BEGIN TASK INPUT
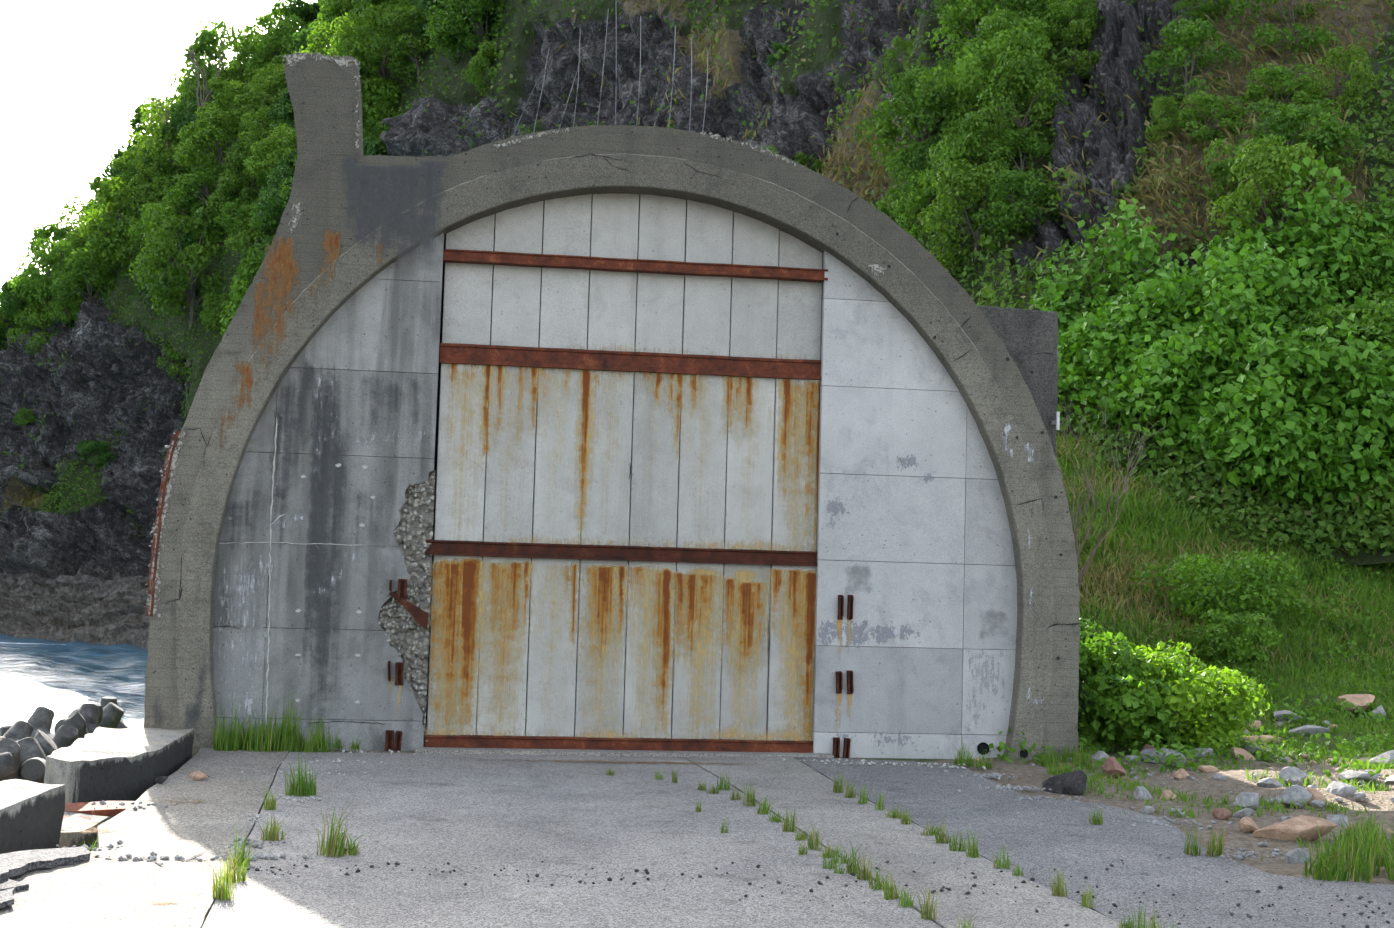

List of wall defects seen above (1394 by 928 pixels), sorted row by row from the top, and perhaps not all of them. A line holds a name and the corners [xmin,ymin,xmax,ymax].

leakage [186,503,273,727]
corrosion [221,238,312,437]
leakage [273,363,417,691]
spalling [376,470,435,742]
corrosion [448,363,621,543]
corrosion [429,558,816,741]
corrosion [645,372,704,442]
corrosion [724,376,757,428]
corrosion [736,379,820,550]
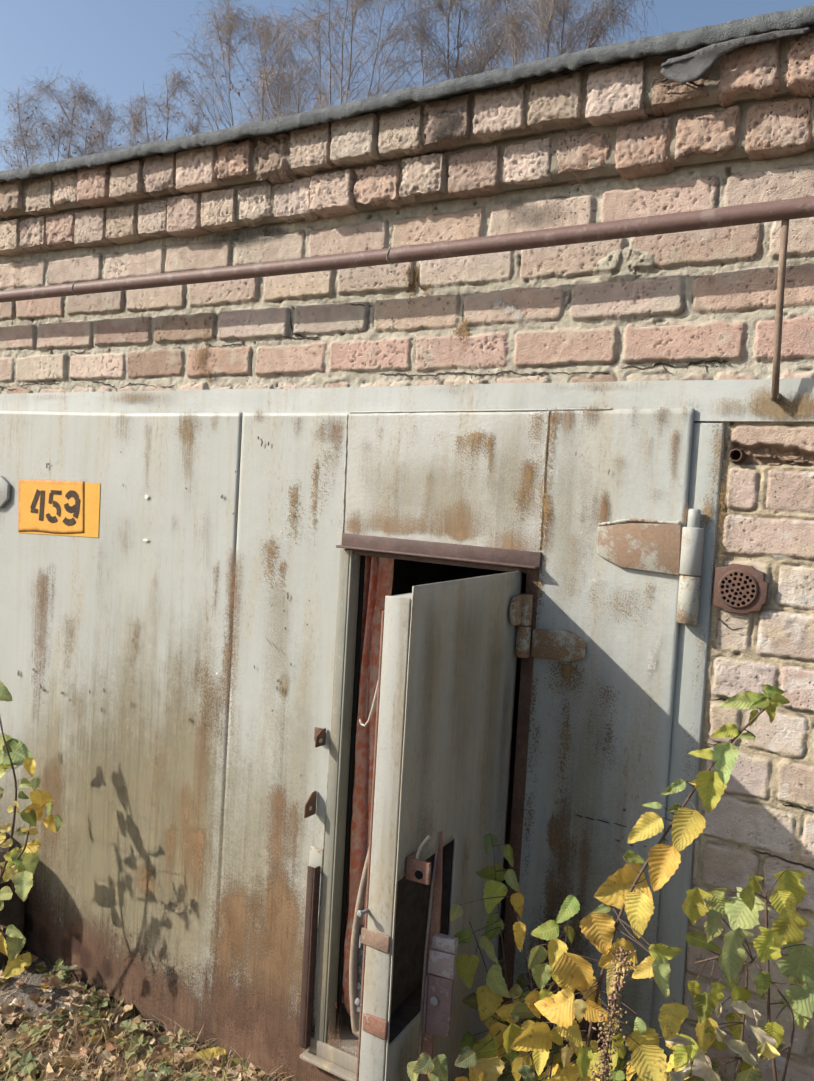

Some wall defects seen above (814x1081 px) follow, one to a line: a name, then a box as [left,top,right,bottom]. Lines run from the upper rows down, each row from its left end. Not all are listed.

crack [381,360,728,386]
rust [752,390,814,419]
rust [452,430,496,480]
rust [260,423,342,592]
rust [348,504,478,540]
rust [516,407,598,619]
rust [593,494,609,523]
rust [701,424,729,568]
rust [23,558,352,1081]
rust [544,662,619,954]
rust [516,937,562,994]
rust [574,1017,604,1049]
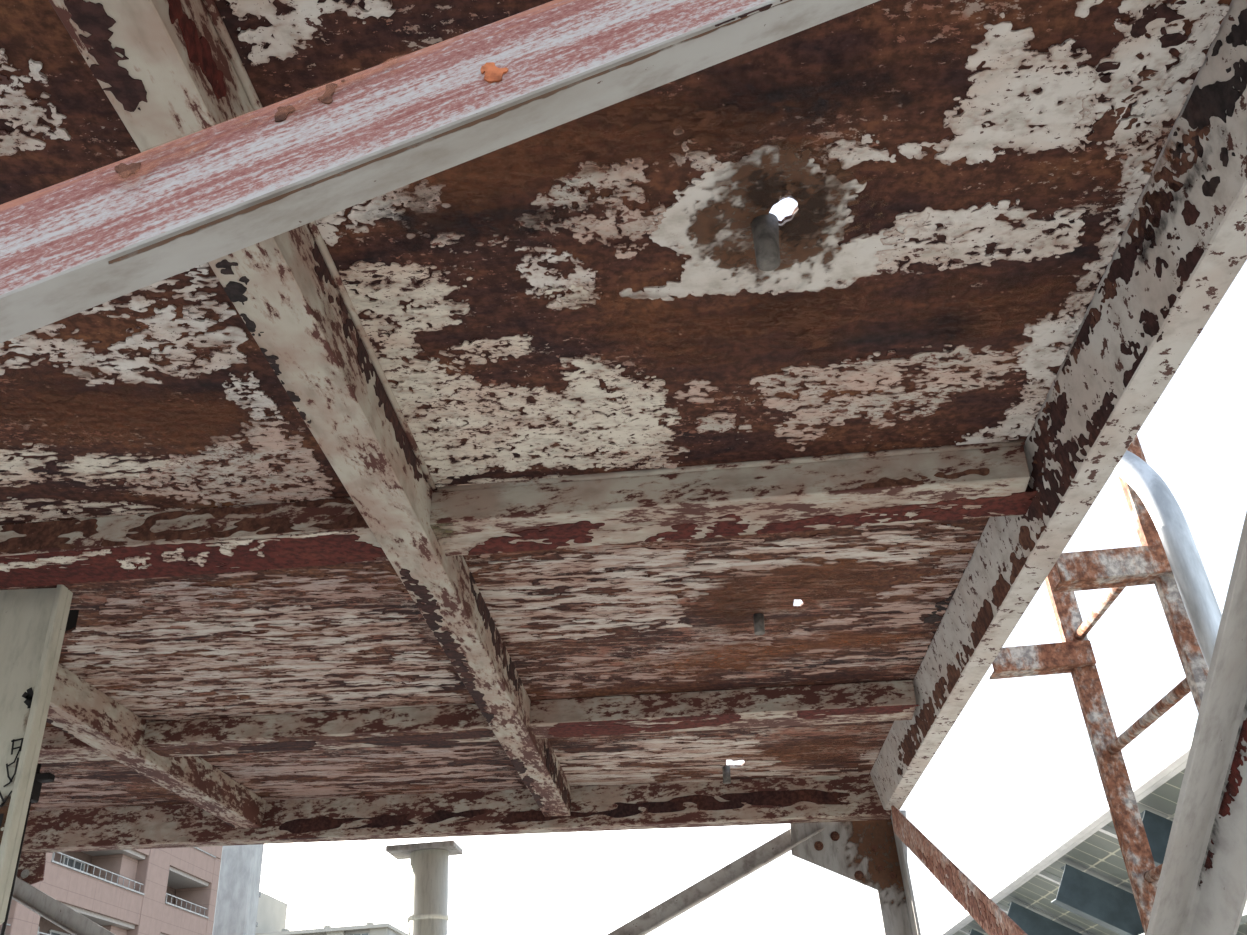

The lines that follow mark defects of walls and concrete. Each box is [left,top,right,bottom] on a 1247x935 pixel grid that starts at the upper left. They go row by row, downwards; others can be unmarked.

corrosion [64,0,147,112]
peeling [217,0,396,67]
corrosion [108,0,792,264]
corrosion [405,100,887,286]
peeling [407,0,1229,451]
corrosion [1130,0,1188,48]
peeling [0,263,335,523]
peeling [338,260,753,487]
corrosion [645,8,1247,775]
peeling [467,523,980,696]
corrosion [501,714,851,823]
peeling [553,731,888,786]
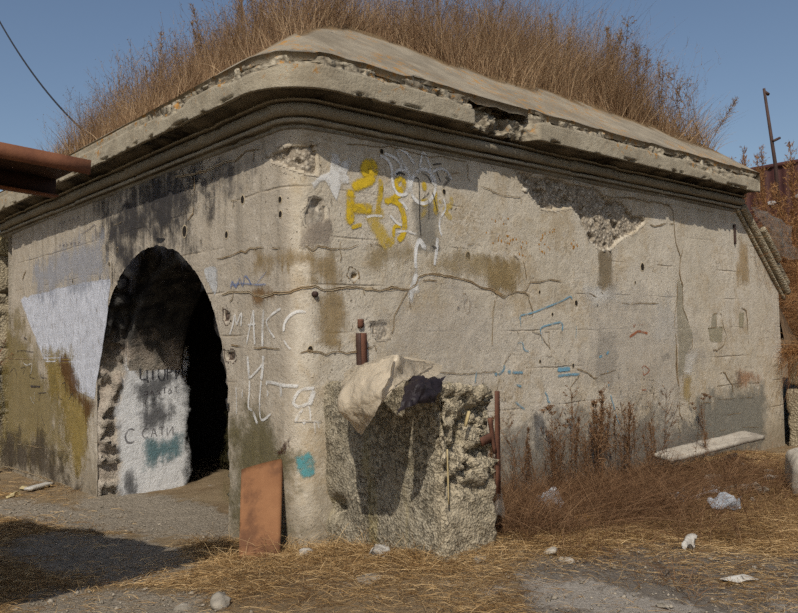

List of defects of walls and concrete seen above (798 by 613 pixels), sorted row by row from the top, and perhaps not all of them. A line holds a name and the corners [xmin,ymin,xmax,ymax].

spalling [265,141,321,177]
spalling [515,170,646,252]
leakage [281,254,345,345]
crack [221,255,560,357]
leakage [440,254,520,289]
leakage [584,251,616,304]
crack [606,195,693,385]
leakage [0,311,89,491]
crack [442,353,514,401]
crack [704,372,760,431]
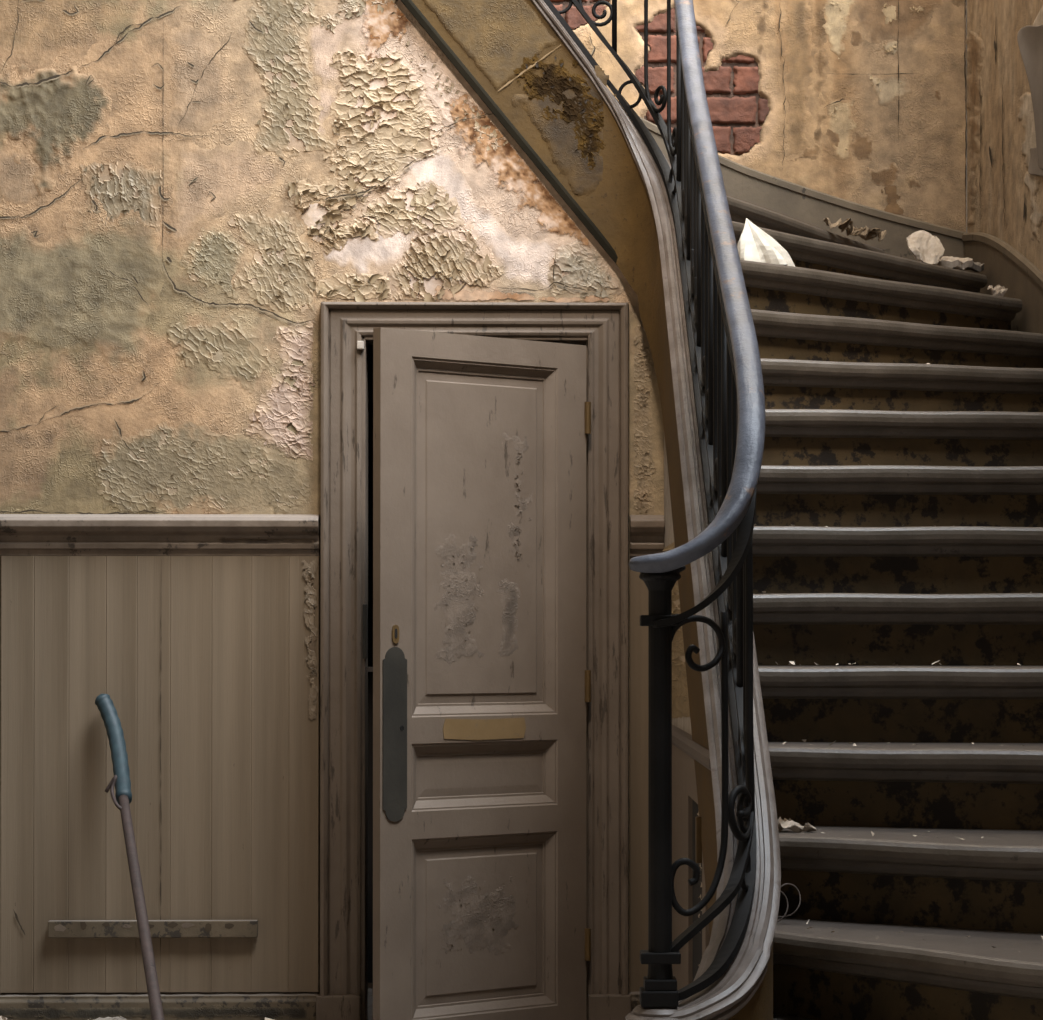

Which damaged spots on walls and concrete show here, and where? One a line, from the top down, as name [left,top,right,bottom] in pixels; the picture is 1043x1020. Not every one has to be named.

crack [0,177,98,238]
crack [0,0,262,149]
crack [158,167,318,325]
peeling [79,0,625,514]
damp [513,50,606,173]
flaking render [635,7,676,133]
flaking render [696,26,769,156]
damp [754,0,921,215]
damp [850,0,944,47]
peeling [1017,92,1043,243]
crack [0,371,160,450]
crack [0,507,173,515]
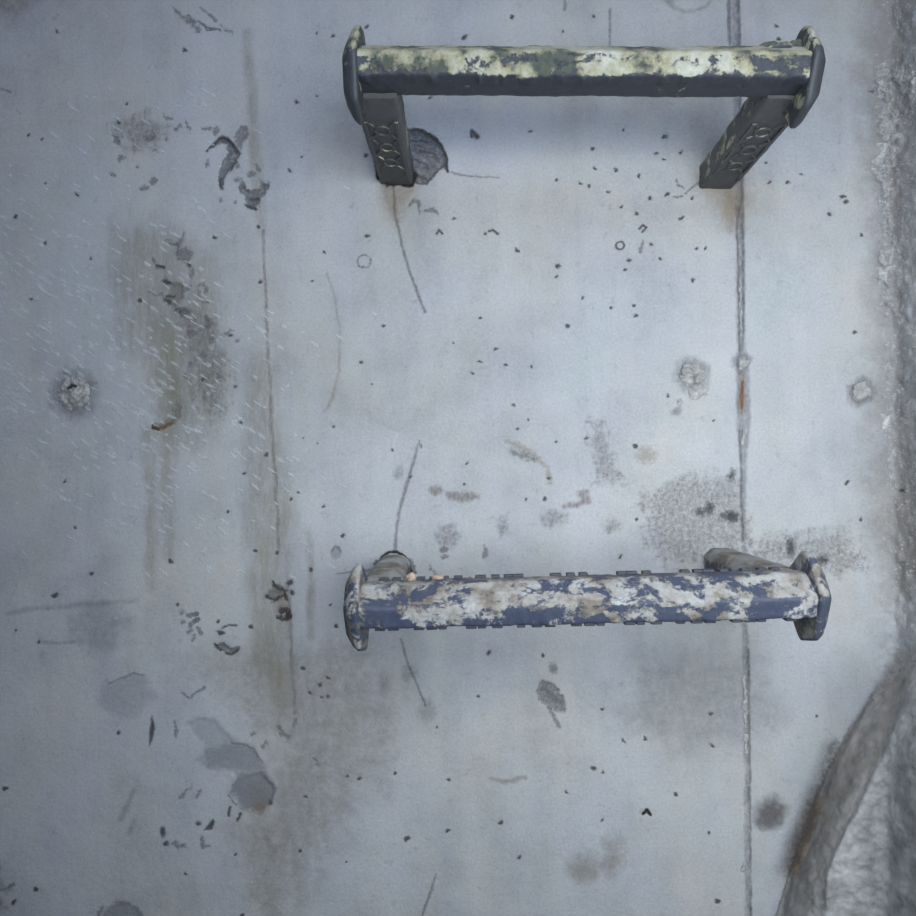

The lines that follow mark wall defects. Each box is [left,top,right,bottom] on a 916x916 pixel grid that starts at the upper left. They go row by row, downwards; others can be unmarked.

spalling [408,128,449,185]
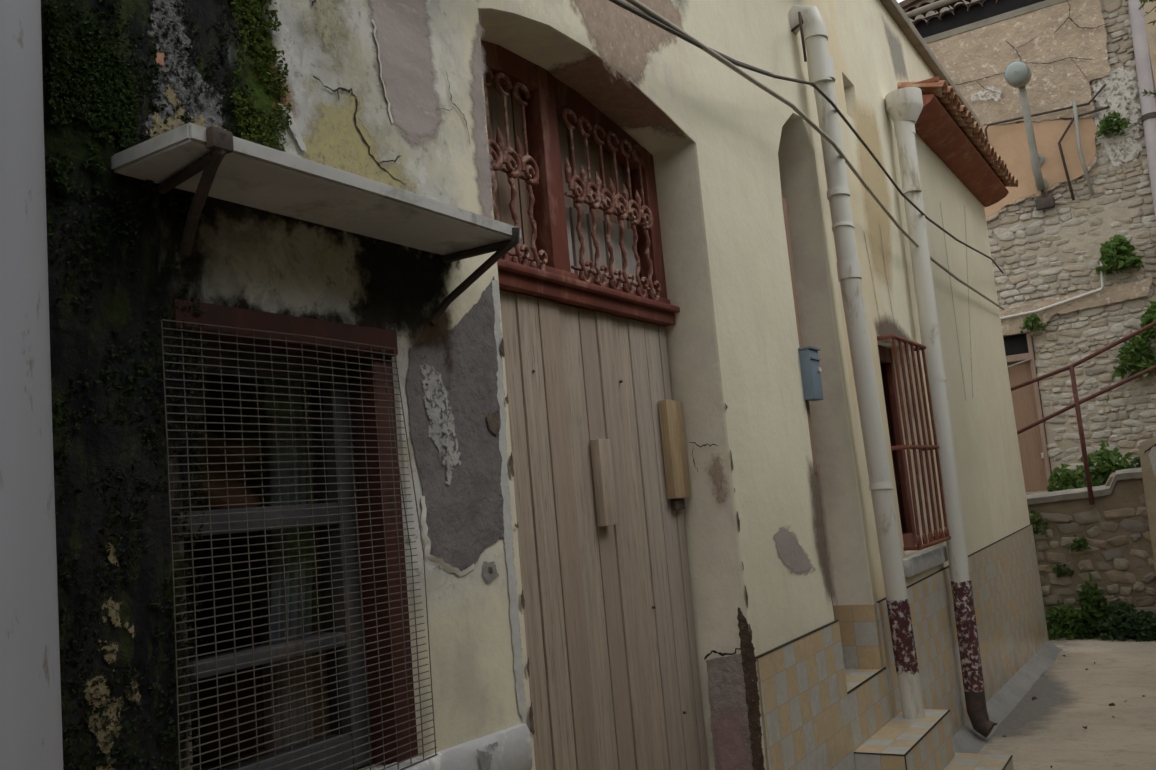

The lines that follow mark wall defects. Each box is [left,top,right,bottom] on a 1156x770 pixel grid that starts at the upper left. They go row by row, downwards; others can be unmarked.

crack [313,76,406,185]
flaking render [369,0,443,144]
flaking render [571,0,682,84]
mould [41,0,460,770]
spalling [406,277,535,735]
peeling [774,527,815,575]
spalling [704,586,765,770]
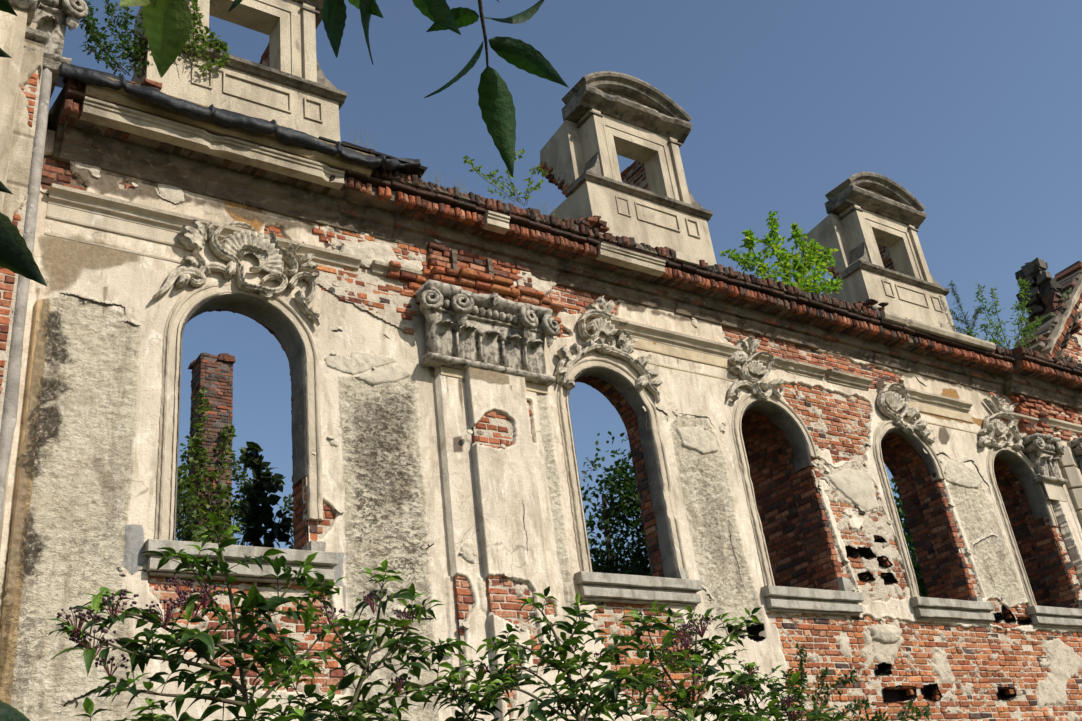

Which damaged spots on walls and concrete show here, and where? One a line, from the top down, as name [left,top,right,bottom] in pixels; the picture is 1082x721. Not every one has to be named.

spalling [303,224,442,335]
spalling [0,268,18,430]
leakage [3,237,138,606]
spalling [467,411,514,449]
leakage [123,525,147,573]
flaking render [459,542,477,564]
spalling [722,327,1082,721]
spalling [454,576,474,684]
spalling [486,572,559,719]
END TASK INPUT
→ **BRIEF**
Repeat, word for word, each of the records, omitting any image they hold.

→ **RESULT**
List of wall defects seen above (1394 by 928 pixels), sorted row by row from the top, and perhaps not all of them. A line holds a name and the corners [xmin,ymin,xmax,ymax].

leakage [186,503,273,727]
corrosion [221,238,312,437]
leakage [273,363,417,691]
spalling [376,470,435,742]
corrosion [448,363,621,543]
corrosion [429,558,816,741]
corrosion [645,372,704,442]
corrosion [724,376,757,428]
corrosion [736,379,820,550]

Some wall defects seen above (814x1081 px) follow, one to a line: a name, then a box as [left,top,right,bottom]. Lines run from the upper rows down, each row from its left end. Not all are listed.

crack [381,360,728,386]
rust [752,390,814,419]
rust [452,430,496,480]
rust [260,423,342,592]
rust [348,504,478,540]
rust [516,407,598,619]
rust [593,494,609,523]
rust [701,424,729,568]
rust [23,558,352,1081]
rust [544,662,619,954]
rust [516,937,562,994]
rust [574,1017,604,1049]

The lines that follow mark defects of walls and concrete. Each box is [left,top,right,bottom] on a 1247x935 pixel grid that starts at the upper left. They go row by row, downwards; others can be unmarked.

corrosion [64,0,147,112]
peeling [217,0,396,67]
corrosion [108,0,792,264]
corrosion [405,100,887,286]
peeling [407,0,1229,451]
corrosion [1130,0,1188,48]
peeling [0,263,335,523]
peeling [338,260,753,487]
corrosion [645,8,1247,775]
peeling [467,523,980,696]
corrosion [501,714,851,823]
peeling [553,731,888,786]

List of defects of walls and concrete seen above (798 by 613 pixels), sorted row by row from the top, and perhaps not all of them. A line holds a name and the corners [xmin,ymin,xmax,ymax].

spalling [265,141,321,177]
spalling [515,170,646,252]
leakage [281,254,345,345]
crack [221,255,560,357]
leakage [440,254,520,289]
leakage [584,251,616,304]
crack [606,195,693,385]
leakage [0,311,89,491]
crack [442,353,514,401]
crack [704,372,760,431]

Which damaged spots on walls and concrete show here, and where? One a line, from the top down, as name [left,top,right,bottom] in pixels; the picture is 1043x1020. Not every one has to be named.

crack [0,177,98,238]
crack [0,0,262,149]
crack [158,167,318,325]
peeling [79,0,625,514]
damp [513,50,606,173]
flaking render [635,7,676,133]
flaking render [696,26,769,156]
damp [754,0,921,215]
damp [850,0,944,47]
peeling [1017,92,1043,243]
crack [0,371,160,450]
crack [0,507,173,515]

The lines that follow mark wall defects. Each box is [left,top,right,bottom] on a 916x916 pixel grid that starts at the upper left. They go row by row, downwards; others can be unmarked.

spalling [408,128,449,185]

The lines that follow mark wall defects. Each box is [left,top,right,bottom] on a 1156x770 pixel grid that starts at the upper left. They go row by row, downwards; others can be unmarked.

crack [313,76,406,185]
flaking render [369,0,443,144]
flaking render [571,0,682,84]
mould [41,0,460,770]
spalling [406,277,535,735]
peeling [774,527,815,575]
spalling [704,586,765,770]

Which damaged spots on walls and concrete show here, and where? One a line, from the top down, as name [left,top,right,bottom] in pixels; the picture is 1082x721. Not every one has to be named.

spalling [303,224,442,335]
spalling [0,268,18,430]
leakage [3,237,138,606]
spalling [467,411,514,449]
leakage [123,525,147,573]
flaking render [459,542,477,564]
spalling [722,327,1082,721]
spalling [454,576,474,684]
spalling [486,572,559,719]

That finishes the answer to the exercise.